I have an example program that compiles and runs under LINUX (the
source platform I am porting from) and does what I expect: Two
threads, one sends data, the other reads data that is sent by the
other thread.
Here’s the example:
////////////////////////////////////////////////////////////////////////////////
#include <stdio.h>
#include <stdlib.h>
#include <string.h>
#include <strings.h>
#include <errno.h>
#include <malloc.h>
#include <sys/socket.h>
#include <resolv.h>
#include <arpa/inet.h>
#include <stdarg.h>
#include <sched.h>
#include <signal.h>
#include <sys/types.h>
#include <unistd.h>
/---------------------------------------------------------------------/
/— panic - print message and die. —/
/---------------------------------------------------------------------/
void panic (char *msg, …)
{
va_list ap;
va_start (ap, msg);
vprintf (msg, ap);
perror (“errno”);
va_end (ap);
exit(1);
}
/---------------------------------------------------------------------/
/— Receiver - listens for and collects multicast packets.
—/
/---------------------------------------------------------------------/
int Receiver (int sd)
{
char buffer[1024];
struct sockaddr_in addr;
int len = sizeof (addr);
puts (“Receiver”);
do
{
if (recvfrom(sd, buffer, sizeof (buffer), 0, (struct sockaddr *)
&addr,(socklen_t *) & len) > 0)
printf (“Got %s:%d “%s”\n”, inet_ntoa (addr.sin_addr),ntohs
(addr.sin_port), buffer);
} while (strcmp (buffer, “bye\n”) != 0);
fprintf (stderr, “Receiver exiting\n”);
exit (0);
}
/---------------------------------------------------------------------/
/— main - creates multicast-capable socket and sends test
packets—/
/---------------------------------------------------------------------/
int main (int argc, char argv[])
{
int sd;
const int on = 1;
struct ip_mreq mreq;
struct sockaddr_in addr;
char buffer[1024];
int port=21000,port2=21000;
const char ip = “224.0.17.42”;
sd = socket (PF_INET, SOCK_DGRAM, 0);
if (sd < 0)
panic (“socket failed”);
bzero (&addr, sizeof (addr));
addr.sin_family = AF_INET;
addr.sin_port = htons (port);
addr.sin_addr.s_addr = INADDR_ANY;
if (bind (sd, (struct sockaddr *) &addr, sizeof (addr)) != 0)
panic (“bind failed”);
if (setsockopt (sd, SOL_SOCKET, SO_REUSEADDR, &on, sizeof (on)) !=
0)
panic (“Can’t reuse address/ports”);
if (inet_aton (ip, &mreq.imr_multiaddr) == 0)

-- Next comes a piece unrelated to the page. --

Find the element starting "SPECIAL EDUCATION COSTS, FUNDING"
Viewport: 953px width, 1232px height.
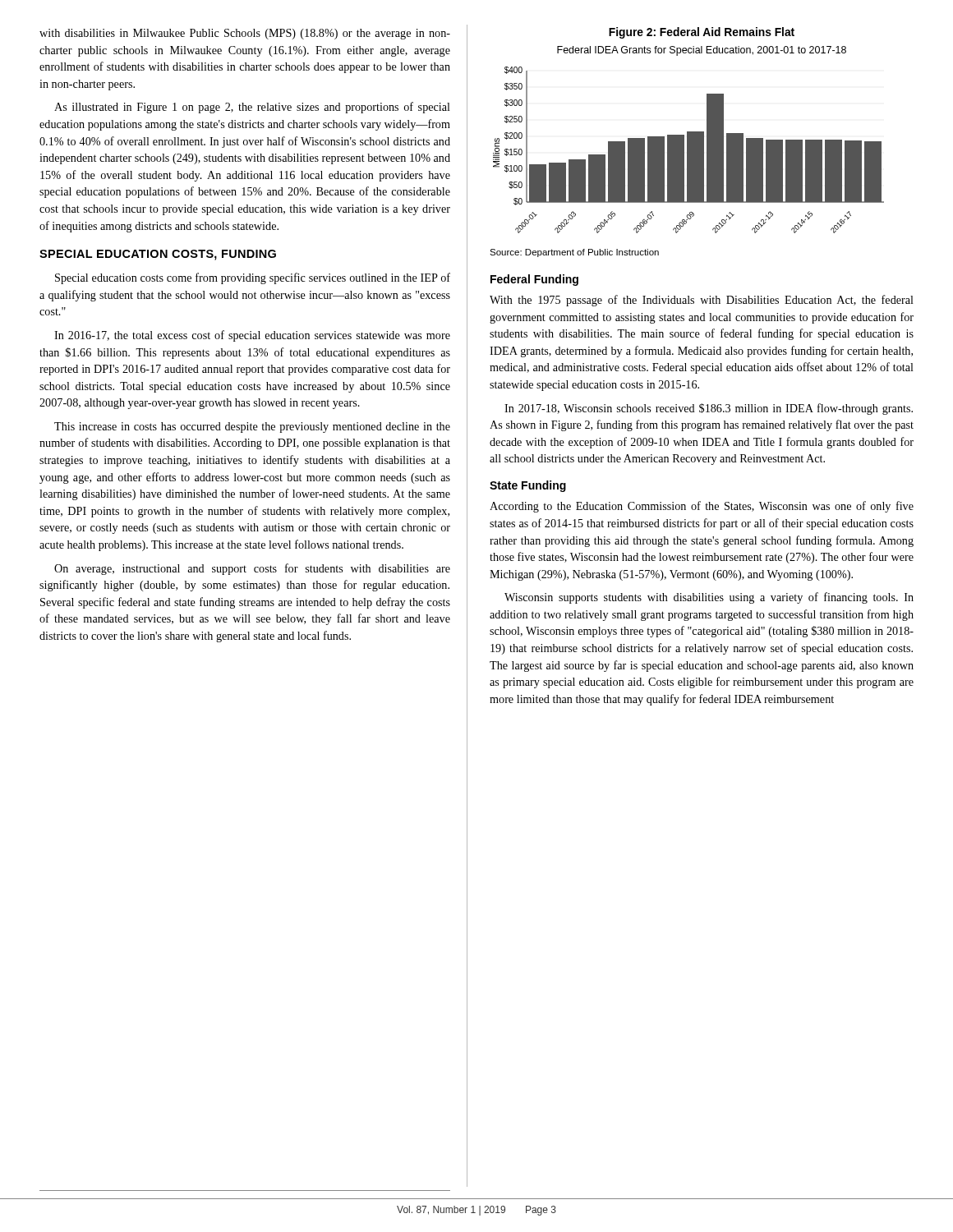click(158, 254)

panic (“address (%s) bad”, ip);
mreq.imr_interface.s_addr = INADDR_ANY;
if(setsockopt (sd, IPPROTO_IP, IP_ADD_MEMBERSHIP, &mreq, sizeof
(mreq)) !=0)
panic (“Join multicast failed”);
addr.sin_port = htons (port2);
if (inet_aton (ip, &addr.sin_addr) == 0)
panic (“inet_aton failed (%s)”, ip);
if (fork ())
Receiver (sd);
else
shutdown (sd, 0); /* close the input channel */
puts (“Server starting”);
do
{
sleep (1);
strcpy (buffer, “TESTING 1 2 3”);
puts (“Sending…”);
if(sendto(sd, buffer, strlen (buffer) + 1, 0, (struct sockaddr *)
&addr,sizeof (addr)) < 0)
perror (“sendto”);
} while (strcmp (buffer, “bye”) != 0);
sleep (6000);
close (sd);
return 0;
}
////////////////////////////////////////////////////////////////////////////////
The example doesn’t work under QNX, either. I figure if I can
get the example working, I can get the system being ported to work.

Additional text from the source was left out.